One of the new features in MacVector 12.6 is the ability to annotate sequences based on the features stored in GFF/BED/GFT files that many Genome Browsers will export data as (e.g. Ensemble, UCSC, etc). MacVector 12.6 will annotate an empty or annotated sequence with the features stored within these files.
BED, GFF, GTF, and GFF3 formats
GFF, GTF, GFF3 & BED files are all file formats that are used to store annotation (features) generally without containing any sequence. Although it is common that they will be accompanied by a fasta file containing the sequence only. They emerged as a way of exporting, or exchanging, information from a specified region of an entire genome without having to take the entire genome.
Most sequence formats were developed to be for a specific gene or protein. Although this is no longer true they are still orientated to be of a region of fixed length. These annotation files are not at all length specific and could potentially store just two features that were at either end of the same chromosome. They are a much more flexible way of dealing with annotation, especially a large amount, than a fixed length sequence format such as Genbank.
They also are not limited to a single sequence and can contain information from multiple sequences in the same file (Fasta files can also contain multiple sequences). For example you could store the entire human set of chromosomes in a pair of (quite large!) files. A multiple sequence Fasta file and a single GFF file.
The format of these annotation files does vary (who ever said Bioinformaticians had to be consistent!) but basically their format consists of a set of individual lines (one line per feature) along the following lines:
SEQUENCE ID, START, STOP, FEATURE TYPE, NOTE
- Sequence ID is the sequence these annotations belong to.
- START and STOP are the region of sequence they are annotated against
- FEATURE TYPE is obvious! Note that this does not always correspond to a correct Genbank Feature Keyword
These tools (generally online web gateways) allow you to browse the entire chromosome or genome of a particular organism. Almost like a graphical model of a sequence database. All the information known about that particular organism’s sequence that has been submitted to one of the large sequence databases (e.g. Genbank at the NCBI) should be visualised within the genome browser. You can download all the annotation contained within a particular region fairly easily using one of these annotation formats. Then you can either annotate an existing file that you are working with (so preserving your own “private” annotation with all known public annotation).
To annotate a sequence with a BED/GFF/GFF3/GFT file in MacVector
From the UCSC’s Genome browser
The interface will change and show all annotation associated with that region. You can modify the amount or type of annotation being showed. This particular gene, C.elegans Sel-12 is located on Chromosome X
This will now allow you to export all the annotation associated with the previous displayed region (tracks).
If it is left at genome the entire genome will be downloaded
Now you need to open the sequence you want to annotate. For this example we could go to
Sequence : Chromosome: X; NC_003284.7 (915873..918235)
You will need to ensure that the start position of the downloaded file corresponds to the start of the region of the chromosome we have just downloaded the annotation for. This is easily done in MacVector.
Now we will import our downloaded annotation.
The Sequence ID (SeqID) contained within all features in the file will be shown in a dialog along with the number of features for each SeqID and the region of the sequence that these will be annotated against. A warning will be displayed if any of the features are outside of the region to be annotated.
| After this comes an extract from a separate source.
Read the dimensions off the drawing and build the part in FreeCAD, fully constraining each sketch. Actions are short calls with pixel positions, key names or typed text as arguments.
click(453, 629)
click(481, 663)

A dialogue will be shown with the number of annotations that have been added. If you annotate a blank sequence (e.g. a fasta file) the resulting features may be initially hidden. However, you can easily show them from the Graphics Palette tree view.
You can choose to annotate your sequence with all the features contained within the imported file or to ignore duplicates.
ToxoDB Genome browser
Here’s a similar workflow from the ToxoDB Genome browser
This will find a single hit and display a link
This downloads a file “dumped_region” which will contain all the annotation stored in the ToxoDB Genome Browser in GFF3 format.
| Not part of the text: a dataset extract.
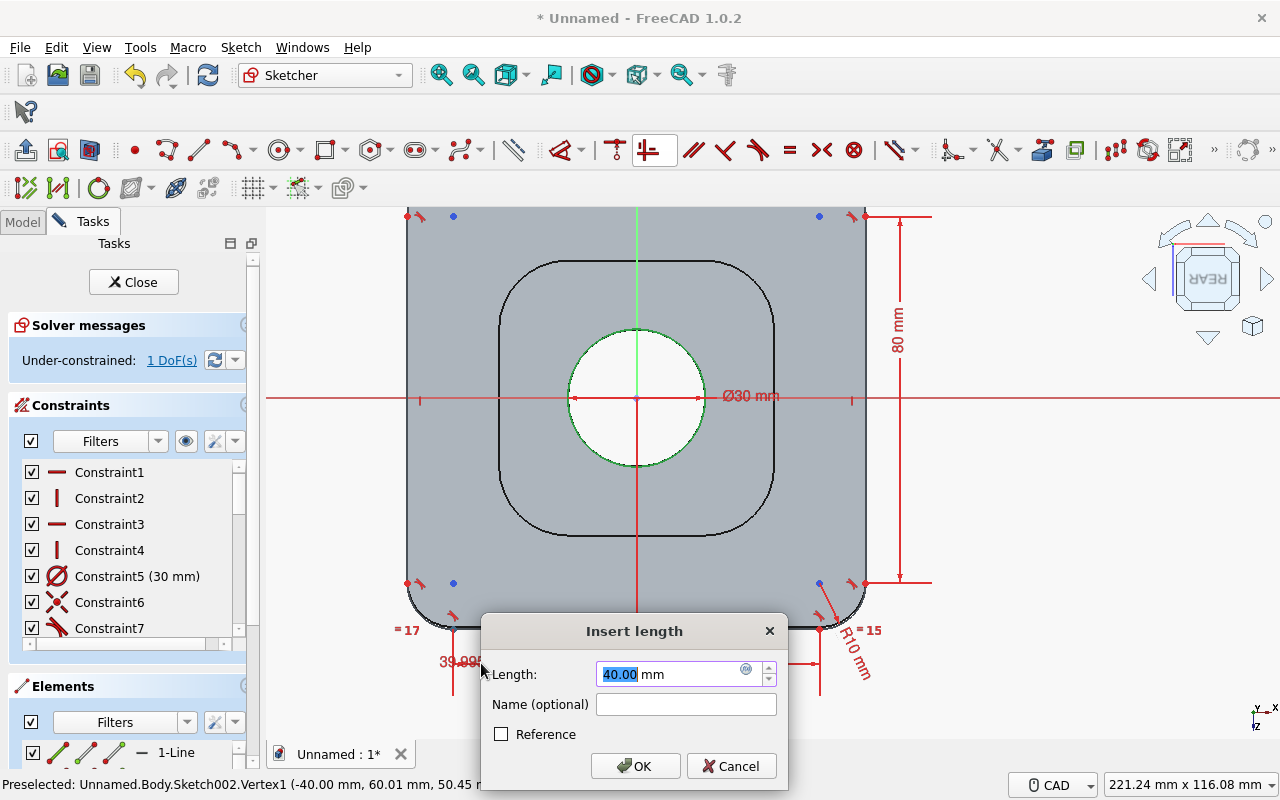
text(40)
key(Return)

You can use FILE > NEW FROM CLIPBOARD to bring the sequence into MacVector quickly
Again if you do not change the start coordinate of the sequence the IMPORT FEATURES dialogue will show an error
The dialogue will show that it has found 6 features. Note that the GFF3 file contains annotation from a much longer sequence than our initial query sequence. MacVector will ignore any annotations that lies outside the query sequence. It will show an warning message to indicate this.
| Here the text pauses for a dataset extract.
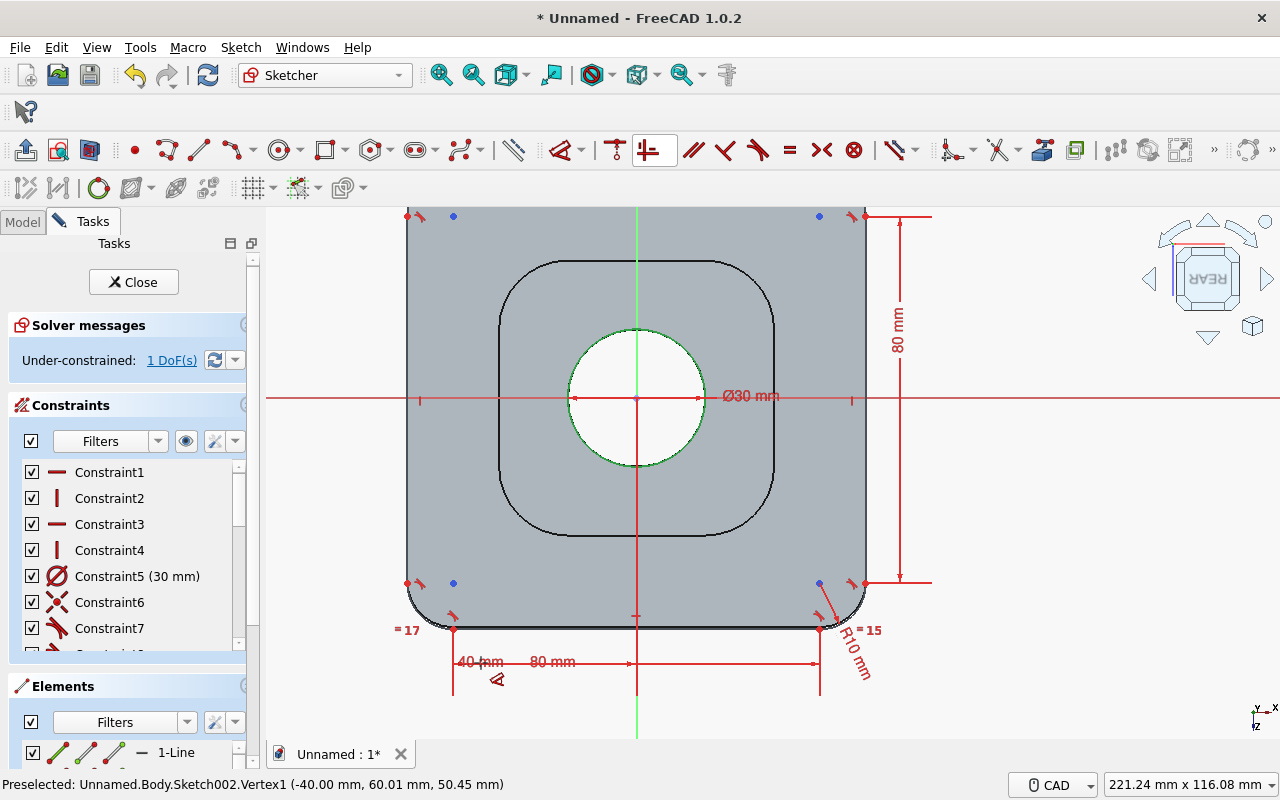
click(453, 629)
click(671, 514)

Keeping a sequence updated
You will be able to “update” and add new annotation to your existing sequence. For example after a few months I could revisit these two genome browsers website and download an updated GFF3 file. Upon importing these features it will optionally replace any duplicate features and add new ones. So you can work with a sequence and also keep it updated as other researchers find more about this particular sequence.
Due to the lack of strict standards across the many different file formats it may be that a potential duplicate is not recognised as such because the wording or keyword is different. In the majority of cases some degree of manual curation of the annotated sequence will be required. In all cases MacVector will err on the side of caution and will never throw away any potentially interesting or important information contained within a feature. Only entries that are 100% the same (after being parsed during the import) will be considered as duplicates. MacVector will never class a feature as a duplicate if the START, STOP or FEATURE TYPE are different in any way. Even if they differ by just a single base.